(Recorded data)

########################################

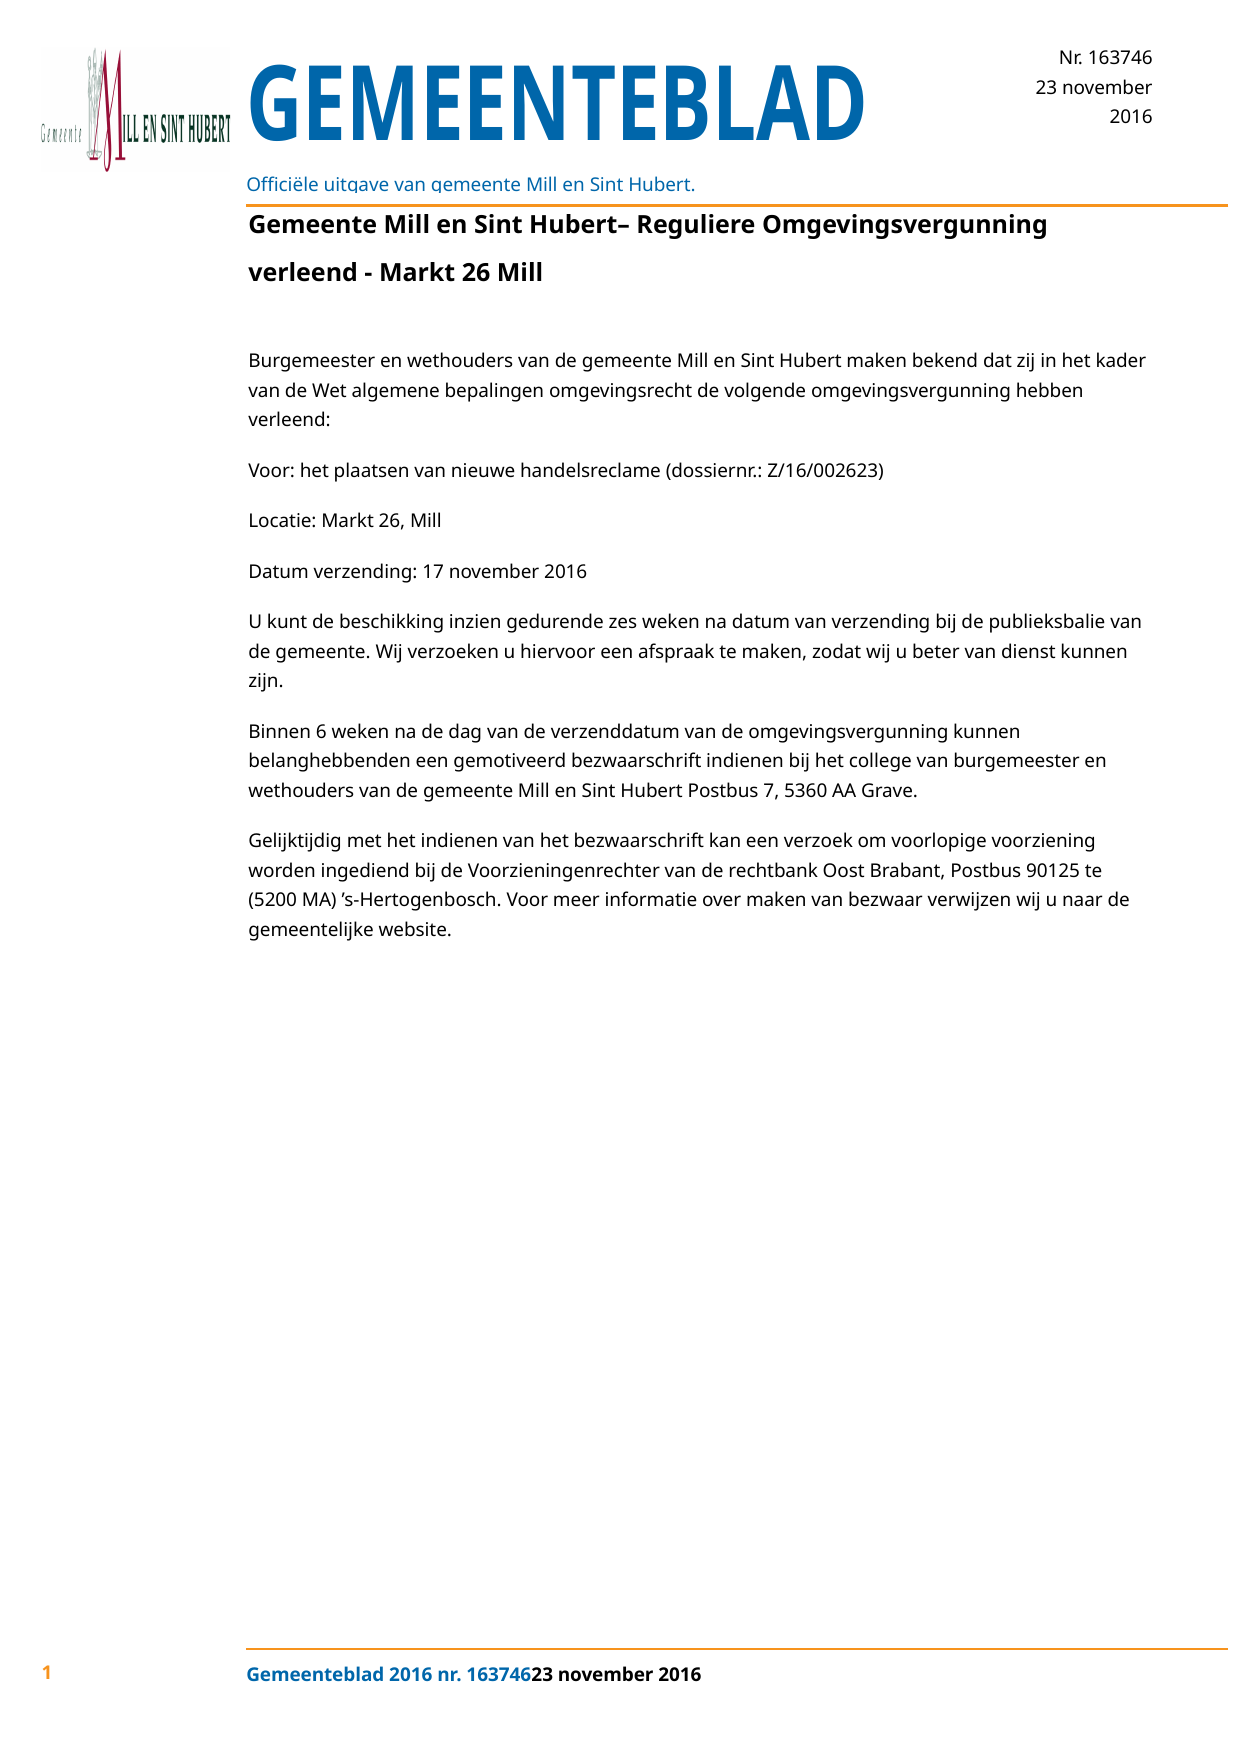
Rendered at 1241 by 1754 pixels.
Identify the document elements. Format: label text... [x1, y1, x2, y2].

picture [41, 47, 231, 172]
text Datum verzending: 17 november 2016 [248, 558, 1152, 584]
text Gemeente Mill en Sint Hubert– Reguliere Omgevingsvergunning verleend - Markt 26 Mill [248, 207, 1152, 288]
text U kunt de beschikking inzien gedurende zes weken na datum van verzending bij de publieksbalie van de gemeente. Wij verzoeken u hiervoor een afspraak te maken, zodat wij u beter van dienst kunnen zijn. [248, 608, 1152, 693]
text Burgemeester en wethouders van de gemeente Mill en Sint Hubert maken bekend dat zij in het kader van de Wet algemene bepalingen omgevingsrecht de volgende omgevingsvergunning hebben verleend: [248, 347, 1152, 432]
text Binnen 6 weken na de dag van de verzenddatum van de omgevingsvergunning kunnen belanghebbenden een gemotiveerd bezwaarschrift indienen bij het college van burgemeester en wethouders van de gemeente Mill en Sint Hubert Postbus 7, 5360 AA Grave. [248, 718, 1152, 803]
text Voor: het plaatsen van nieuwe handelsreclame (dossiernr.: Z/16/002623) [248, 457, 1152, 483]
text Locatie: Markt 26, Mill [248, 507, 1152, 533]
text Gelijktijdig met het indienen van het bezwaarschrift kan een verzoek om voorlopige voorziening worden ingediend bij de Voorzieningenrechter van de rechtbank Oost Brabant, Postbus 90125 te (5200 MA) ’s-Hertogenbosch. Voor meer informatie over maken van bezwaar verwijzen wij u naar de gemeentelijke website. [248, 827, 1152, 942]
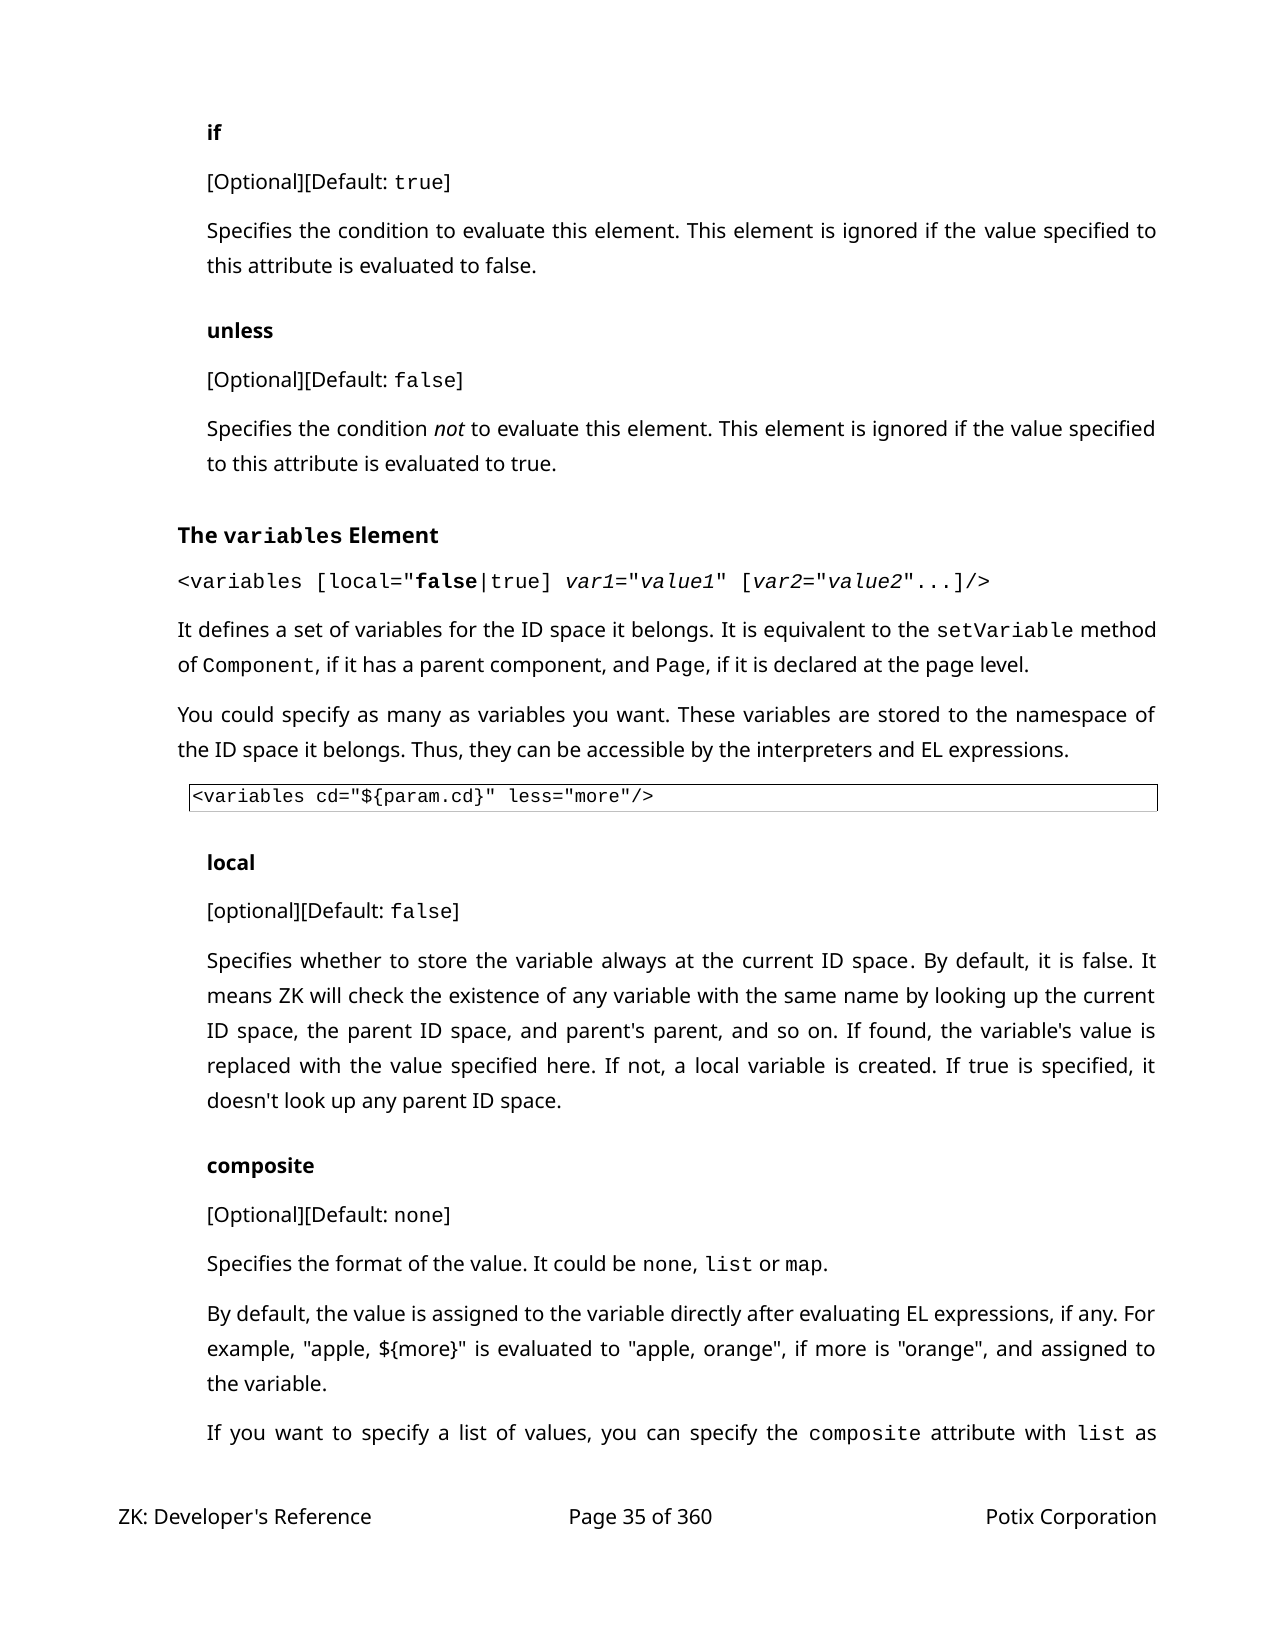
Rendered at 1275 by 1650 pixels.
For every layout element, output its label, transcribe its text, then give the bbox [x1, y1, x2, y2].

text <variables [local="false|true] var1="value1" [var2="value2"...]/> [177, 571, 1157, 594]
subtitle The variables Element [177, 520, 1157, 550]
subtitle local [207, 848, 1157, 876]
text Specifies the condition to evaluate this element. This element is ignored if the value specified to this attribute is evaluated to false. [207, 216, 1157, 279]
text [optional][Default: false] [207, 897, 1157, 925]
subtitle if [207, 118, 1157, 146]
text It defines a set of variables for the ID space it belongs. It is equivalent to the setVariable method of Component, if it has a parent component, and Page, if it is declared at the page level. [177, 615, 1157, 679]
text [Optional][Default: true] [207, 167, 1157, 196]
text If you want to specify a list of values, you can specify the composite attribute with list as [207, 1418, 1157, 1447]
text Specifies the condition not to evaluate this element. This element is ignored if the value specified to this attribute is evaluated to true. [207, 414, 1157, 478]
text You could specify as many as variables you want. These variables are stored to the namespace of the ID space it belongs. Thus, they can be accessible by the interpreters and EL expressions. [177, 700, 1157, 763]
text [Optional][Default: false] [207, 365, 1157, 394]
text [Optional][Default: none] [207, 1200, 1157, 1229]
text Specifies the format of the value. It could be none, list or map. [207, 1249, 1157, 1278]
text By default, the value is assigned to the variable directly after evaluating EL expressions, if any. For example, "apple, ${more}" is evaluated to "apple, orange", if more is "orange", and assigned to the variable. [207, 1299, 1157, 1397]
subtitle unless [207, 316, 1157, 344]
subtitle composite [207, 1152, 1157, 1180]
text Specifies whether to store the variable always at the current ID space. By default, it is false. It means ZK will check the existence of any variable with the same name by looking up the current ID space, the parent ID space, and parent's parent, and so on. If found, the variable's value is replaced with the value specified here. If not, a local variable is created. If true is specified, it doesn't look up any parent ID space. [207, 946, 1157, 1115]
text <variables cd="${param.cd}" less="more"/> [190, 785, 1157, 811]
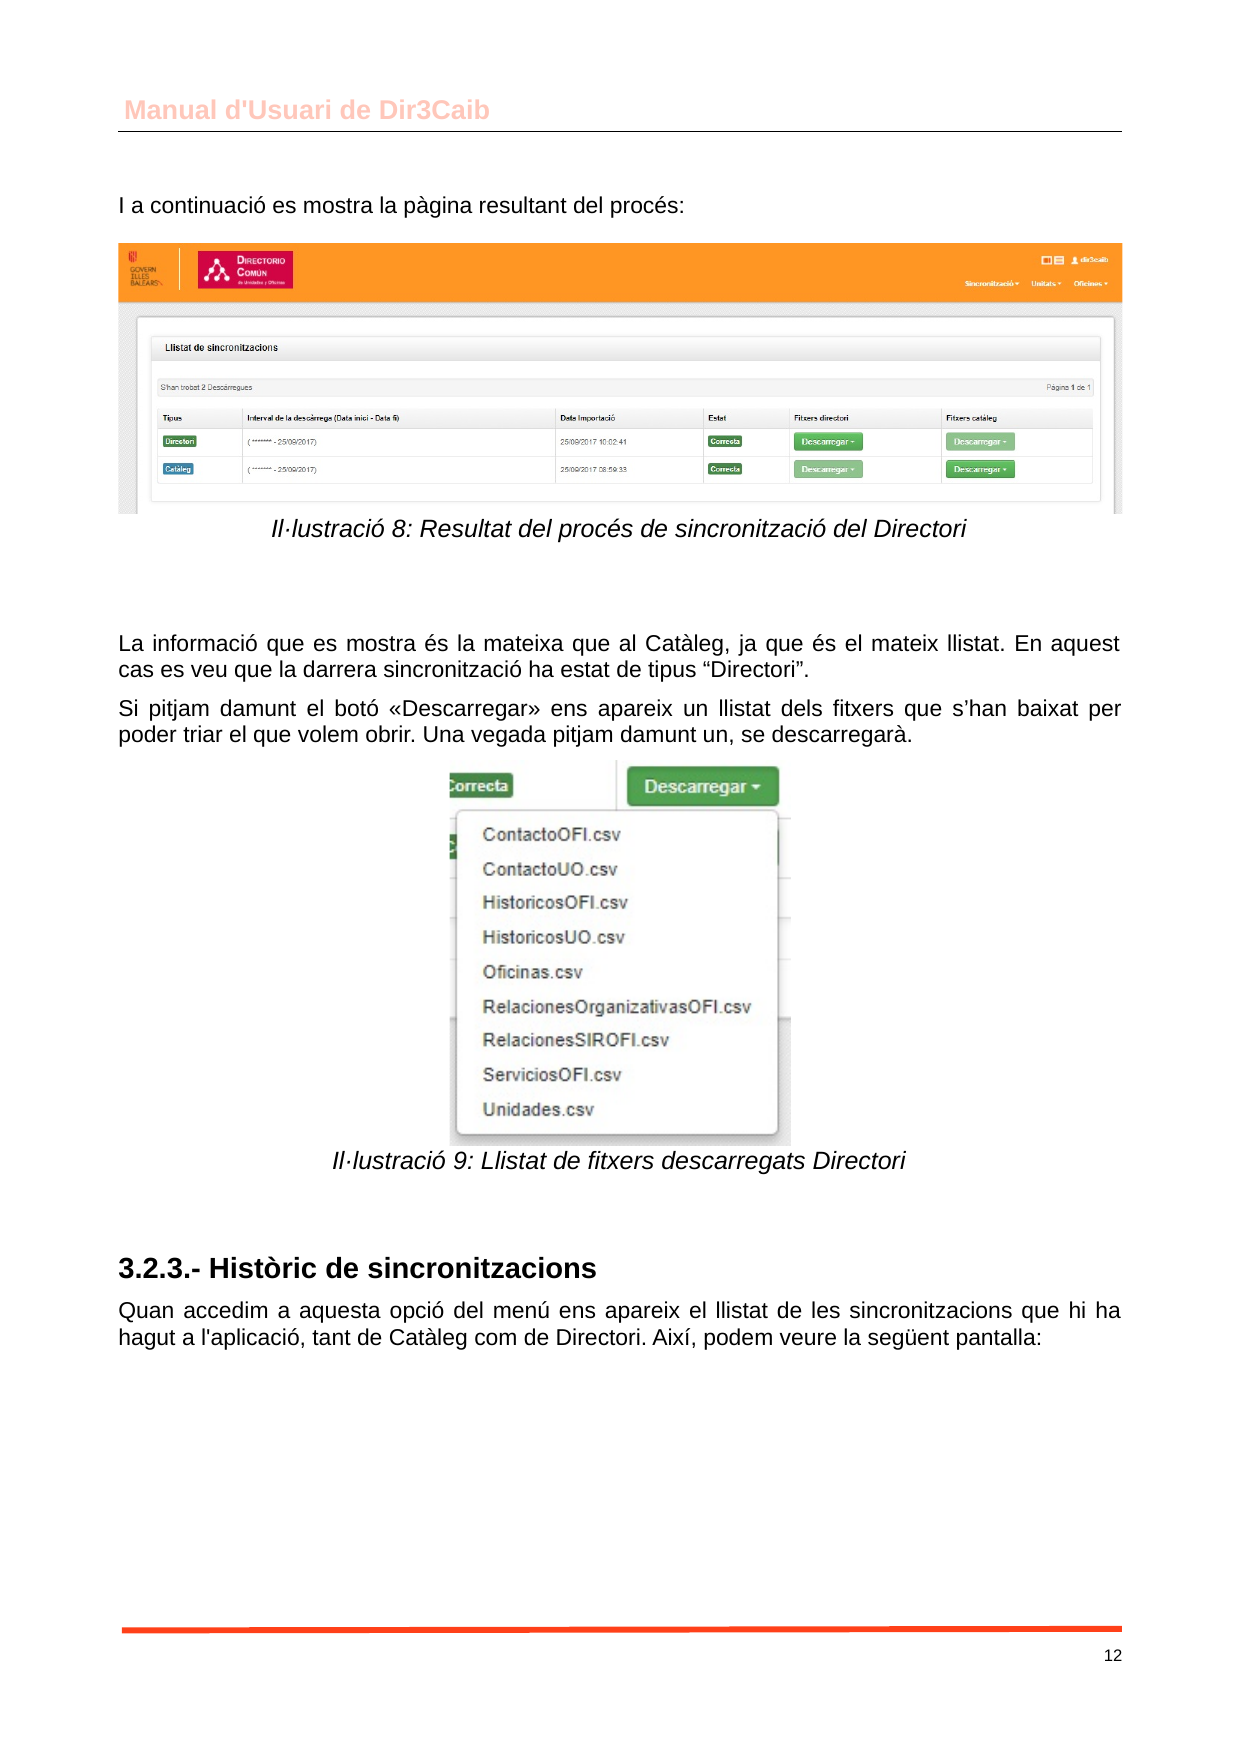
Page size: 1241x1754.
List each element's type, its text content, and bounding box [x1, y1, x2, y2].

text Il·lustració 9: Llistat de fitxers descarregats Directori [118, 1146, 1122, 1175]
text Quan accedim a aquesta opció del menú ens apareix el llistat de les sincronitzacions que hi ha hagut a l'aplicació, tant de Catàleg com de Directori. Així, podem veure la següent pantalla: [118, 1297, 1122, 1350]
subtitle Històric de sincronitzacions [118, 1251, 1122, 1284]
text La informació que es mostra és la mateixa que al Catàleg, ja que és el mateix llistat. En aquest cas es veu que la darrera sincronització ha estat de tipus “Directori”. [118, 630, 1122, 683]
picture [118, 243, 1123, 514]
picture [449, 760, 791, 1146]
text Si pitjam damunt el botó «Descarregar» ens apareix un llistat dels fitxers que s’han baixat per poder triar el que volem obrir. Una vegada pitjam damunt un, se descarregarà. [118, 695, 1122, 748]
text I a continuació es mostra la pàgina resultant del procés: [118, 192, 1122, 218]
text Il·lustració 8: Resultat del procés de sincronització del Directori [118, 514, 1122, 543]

########################################

Aim of the exercise -
Show the lines from the data above that contain the string "expressions".

Response to this task -
text You could specify as many as variables you want. These variables are stored to the namespace of the ID space it belongs. Thus, they can be accessible by the interpreters and EL expressions. [177, 700, 1157, 763]
text By default, the value is assigned to the variable directly after evaluating EL expressions, if any. For example, "apple, ${more}" is evaluated to "apple, orange", if more is "orange", and assigned to the variable. [207, 1299, 1157, 1397]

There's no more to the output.